→ **Exercise aim**
Set down exactly the lines that run from the line with "(ANSI)', override=override, dxfattribs=at)" to the end of the data, and nothing else.

→ **Data under study**
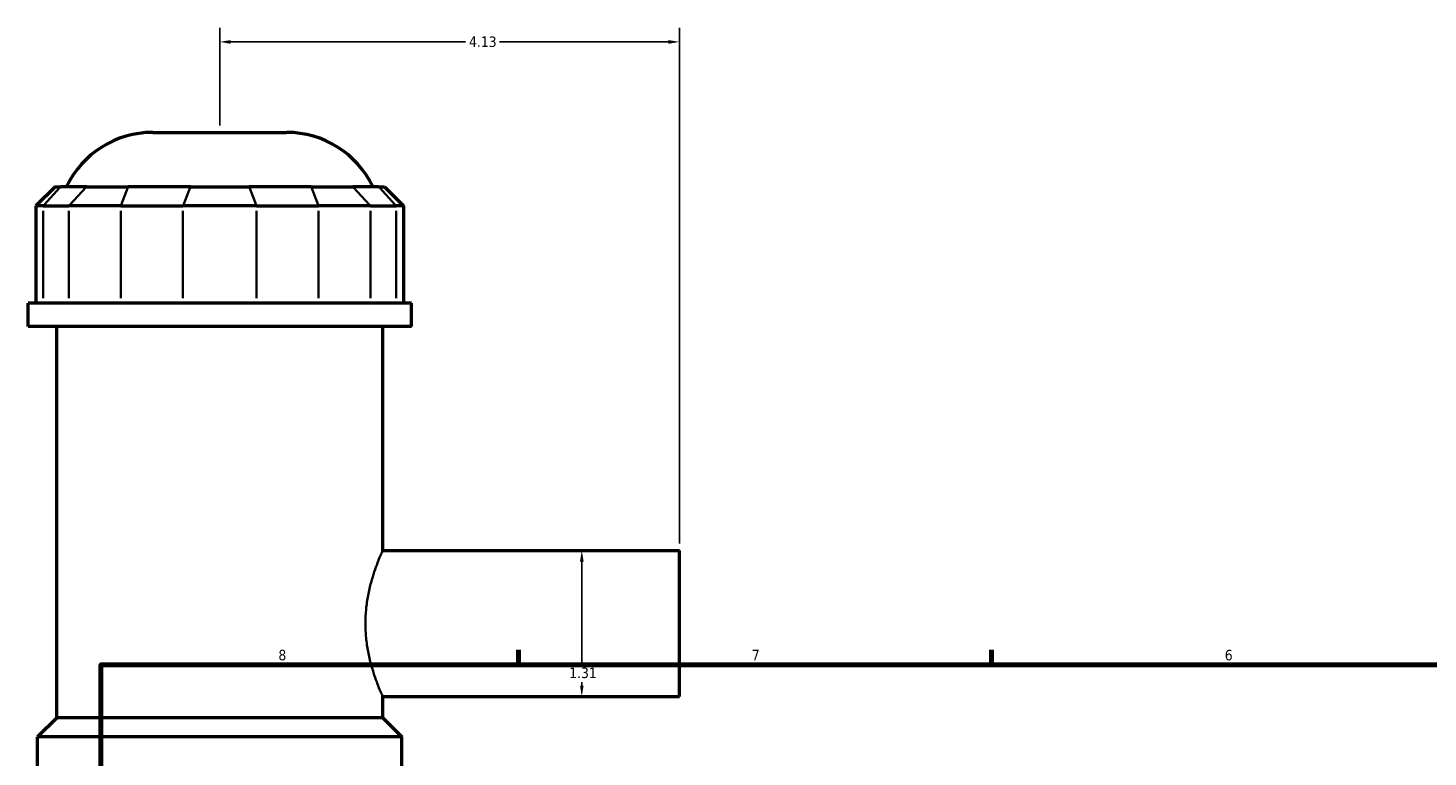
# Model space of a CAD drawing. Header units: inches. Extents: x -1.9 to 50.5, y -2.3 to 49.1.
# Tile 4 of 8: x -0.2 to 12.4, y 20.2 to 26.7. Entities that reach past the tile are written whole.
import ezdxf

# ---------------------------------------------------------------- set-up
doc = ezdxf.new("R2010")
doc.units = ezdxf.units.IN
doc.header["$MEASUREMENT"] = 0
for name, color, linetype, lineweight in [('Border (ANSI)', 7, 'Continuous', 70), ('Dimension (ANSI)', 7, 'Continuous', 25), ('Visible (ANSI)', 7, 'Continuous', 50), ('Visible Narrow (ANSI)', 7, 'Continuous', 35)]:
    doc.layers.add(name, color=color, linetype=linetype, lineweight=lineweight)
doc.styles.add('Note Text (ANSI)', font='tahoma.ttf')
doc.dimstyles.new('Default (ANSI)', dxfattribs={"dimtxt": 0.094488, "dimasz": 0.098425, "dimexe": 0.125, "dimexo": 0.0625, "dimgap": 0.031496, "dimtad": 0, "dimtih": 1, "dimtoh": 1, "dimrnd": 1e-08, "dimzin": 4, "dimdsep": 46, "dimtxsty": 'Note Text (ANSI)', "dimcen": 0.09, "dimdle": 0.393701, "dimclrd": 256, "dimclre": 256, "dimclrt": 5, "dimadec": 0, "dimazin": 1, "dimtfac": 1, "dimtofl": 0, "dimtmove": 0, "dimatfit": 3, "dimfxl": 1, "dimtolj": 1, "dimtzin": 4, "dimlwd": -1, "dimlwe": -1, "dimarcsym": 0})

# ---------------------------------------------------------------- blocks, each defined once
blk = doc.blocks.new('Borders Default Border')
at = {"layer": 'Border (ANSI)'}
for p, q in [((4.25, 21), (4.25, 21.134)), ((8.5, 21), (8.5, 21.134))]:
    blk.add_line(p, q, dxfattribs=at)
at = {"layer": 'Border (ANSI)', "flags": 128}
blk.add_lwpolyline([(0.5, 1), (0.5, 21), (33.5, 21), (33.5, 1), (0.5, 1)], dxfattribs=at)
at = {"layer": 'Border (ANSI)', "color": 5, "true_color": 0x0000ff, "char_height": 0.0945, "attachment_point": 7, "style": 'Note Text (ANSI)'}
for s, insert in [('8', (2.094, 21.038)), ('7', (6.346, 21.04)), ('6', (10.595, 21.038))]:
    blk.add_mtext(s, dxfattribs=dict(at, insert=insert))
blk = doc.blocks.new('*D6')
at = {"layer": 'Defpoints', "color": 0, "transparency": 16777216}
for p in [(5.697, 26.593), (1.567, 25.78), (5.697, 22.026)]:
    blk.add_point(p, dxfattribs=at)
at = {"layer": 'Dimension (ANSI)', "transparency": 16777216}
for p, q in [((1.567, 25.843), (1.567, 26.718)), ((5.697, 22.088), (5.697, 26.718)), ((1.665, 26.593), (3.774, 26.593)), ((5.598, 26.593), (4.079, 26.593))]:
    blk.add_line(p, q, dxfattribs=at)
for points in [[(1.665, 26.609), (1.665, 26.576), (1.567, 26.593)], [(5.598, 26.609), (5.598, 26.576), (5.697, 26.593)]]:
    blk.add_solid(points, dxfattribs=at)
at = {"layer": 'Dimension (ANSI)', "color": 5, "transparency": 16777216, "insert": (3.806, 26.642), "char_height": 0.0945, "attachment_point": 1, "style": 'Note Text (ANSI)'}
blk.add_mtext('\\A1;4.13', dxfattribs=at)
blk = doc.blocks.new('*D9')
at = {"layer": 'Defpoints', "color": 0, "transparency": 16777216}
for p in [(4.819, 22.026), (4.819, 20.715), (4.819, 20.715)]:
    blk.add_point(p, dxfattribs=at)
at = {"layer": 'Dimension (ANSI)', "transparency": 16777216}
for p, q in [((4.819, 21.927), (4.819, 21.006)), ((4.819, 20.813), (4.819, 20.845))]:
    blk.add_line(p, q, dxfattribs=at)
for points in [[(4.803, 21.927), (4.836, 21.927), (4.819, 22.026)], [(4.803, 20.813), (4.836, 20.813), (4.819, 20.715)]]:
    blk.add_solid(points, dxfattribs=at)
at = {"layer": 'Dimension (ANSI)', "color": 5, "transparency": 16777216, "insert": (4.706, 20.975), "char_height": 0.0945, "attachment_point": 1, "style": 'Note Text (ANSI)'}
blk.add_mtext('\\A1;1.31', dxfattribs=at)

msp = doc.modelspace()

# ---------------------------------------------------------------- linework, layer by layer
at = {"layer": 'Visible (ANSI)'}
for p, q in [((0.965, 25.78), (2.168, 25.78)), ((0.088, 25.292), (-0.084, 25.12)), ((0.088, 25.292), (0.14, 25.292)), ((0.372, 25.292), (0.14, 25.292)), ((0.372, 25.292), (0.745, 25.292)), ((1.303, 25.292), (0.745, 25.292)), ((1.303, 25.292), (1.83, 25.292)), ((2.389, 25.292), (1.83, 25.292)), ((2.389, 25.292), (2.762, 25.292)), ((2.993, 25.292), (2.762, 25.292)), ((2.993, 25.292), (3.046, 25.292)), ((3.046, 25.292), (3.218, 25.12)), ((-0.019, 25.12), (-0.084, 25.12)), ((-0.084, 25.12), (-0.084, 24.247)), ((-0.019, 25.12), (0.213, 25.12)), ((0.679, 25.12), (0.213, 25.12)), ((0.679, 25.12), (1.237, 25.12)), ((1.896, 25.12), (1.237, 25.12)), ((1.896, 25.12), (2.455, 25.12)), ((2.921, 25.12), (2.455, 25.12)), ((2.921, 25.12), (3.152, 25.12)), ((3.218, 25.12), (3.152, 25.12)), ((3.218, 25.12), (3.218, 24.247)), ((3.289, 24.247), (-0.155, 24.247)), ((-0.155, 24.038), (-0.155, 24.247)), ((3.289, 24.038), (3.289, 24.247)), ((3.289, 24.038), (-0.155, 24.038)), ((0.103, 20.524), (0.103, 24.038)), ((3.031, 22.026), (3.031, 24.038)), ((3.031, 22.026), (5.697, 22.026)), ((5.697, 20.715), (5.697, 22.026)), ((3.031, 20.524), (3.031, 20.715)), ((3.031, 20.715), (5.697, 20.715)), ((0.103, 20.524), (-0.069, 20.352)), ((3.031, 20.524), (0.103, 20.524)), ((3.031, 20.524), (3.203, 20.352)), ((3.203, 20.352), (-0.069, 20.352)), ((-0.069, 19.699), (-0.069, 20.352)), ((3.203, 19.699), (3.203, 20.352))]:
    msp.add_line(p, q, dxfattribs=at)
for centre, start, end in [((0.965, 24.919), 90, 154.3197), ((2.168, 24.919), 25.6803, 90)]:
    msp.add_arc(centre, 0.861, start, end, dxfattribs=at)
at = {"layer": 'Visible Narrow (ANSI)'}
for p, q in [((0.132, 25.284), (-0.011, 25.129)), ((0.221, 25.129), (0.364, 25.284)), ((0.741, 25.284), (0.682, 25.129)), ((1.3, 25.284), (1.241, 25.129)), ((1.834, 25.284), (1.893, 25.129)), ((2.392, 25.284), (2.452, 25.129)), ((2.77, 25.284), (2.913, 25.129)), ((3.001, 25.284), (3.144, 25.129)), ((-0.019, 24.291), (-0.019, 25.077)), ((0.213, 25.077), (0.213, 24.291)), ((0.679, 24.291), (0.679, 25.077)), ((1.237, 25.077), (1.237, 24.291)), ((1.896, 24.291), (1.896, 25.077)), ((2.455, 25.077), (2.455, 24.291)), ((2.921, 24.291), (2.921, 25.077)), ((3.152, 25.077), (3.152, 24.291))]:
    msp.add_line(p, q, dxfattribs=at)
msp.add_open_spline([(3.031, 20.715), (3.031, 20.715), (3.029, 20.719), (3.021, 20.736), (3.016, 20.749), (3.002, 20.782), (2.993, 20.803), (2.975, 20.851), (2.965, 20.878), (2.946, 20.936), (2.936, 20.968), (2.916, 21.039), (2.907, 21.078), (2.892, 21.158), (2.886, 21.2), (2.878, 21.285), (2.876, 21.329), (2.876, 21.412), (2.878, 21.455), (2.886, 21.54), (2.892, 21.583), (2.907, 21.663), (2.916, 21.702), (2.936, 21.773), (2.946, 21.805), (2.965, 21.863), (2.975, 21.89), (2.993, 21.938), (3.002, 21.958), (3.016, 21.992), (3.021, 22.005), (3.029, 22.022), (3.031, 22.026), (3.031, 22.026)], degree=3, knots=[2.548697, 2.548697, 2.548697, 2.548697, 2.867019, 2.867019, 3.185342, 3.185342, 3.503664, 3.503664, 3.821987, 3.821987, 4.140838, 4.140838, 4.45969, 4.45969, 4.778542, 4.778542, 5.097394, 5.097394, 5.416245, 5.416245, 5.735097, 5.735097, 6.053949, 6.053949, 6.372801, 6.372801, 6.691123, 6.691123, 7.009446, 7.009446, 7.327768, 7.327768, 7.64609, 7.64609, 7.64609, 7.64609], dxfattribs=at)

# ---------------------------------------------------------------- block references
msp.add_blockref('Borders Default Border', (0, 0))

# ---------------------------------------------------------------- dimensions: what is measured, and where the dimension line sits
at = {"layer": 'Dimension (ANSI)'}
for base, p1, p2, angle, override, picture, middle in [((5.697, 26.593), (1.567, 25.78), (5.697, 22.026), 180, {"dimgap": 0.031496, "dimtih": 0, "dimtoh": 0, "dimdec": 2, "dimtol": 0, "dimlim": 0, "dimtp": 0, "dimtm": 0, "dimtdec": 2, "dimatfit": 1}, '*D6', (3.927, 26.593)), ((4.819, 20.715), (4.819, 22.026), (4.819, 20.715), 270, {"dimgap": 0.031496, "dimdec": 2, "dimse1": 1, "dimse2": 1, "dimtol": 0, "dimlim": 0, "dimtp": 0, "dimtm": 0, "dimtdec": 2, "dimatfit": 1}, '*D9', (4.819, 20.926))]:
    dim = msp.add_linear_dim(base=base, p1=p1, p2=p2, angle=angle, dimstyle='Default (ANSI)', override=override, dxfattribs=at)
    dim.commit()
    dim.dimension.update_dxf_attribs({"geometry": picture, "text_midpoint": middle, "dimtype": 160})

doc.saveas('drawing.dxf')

→ **Problem solution**
    dim = msp.add_linear_dim(base=base, p1=p1, p2=p2, angle=angle, dimstyle='Default (ANSI)', override=override, dxfattribs=at)
    dim.commit()
    dim.dimension.update_dxf_attribs({"geometry": picture, "text_midpoint": middle, "dimtype": 160})

doc.saveas('drawing.dxf')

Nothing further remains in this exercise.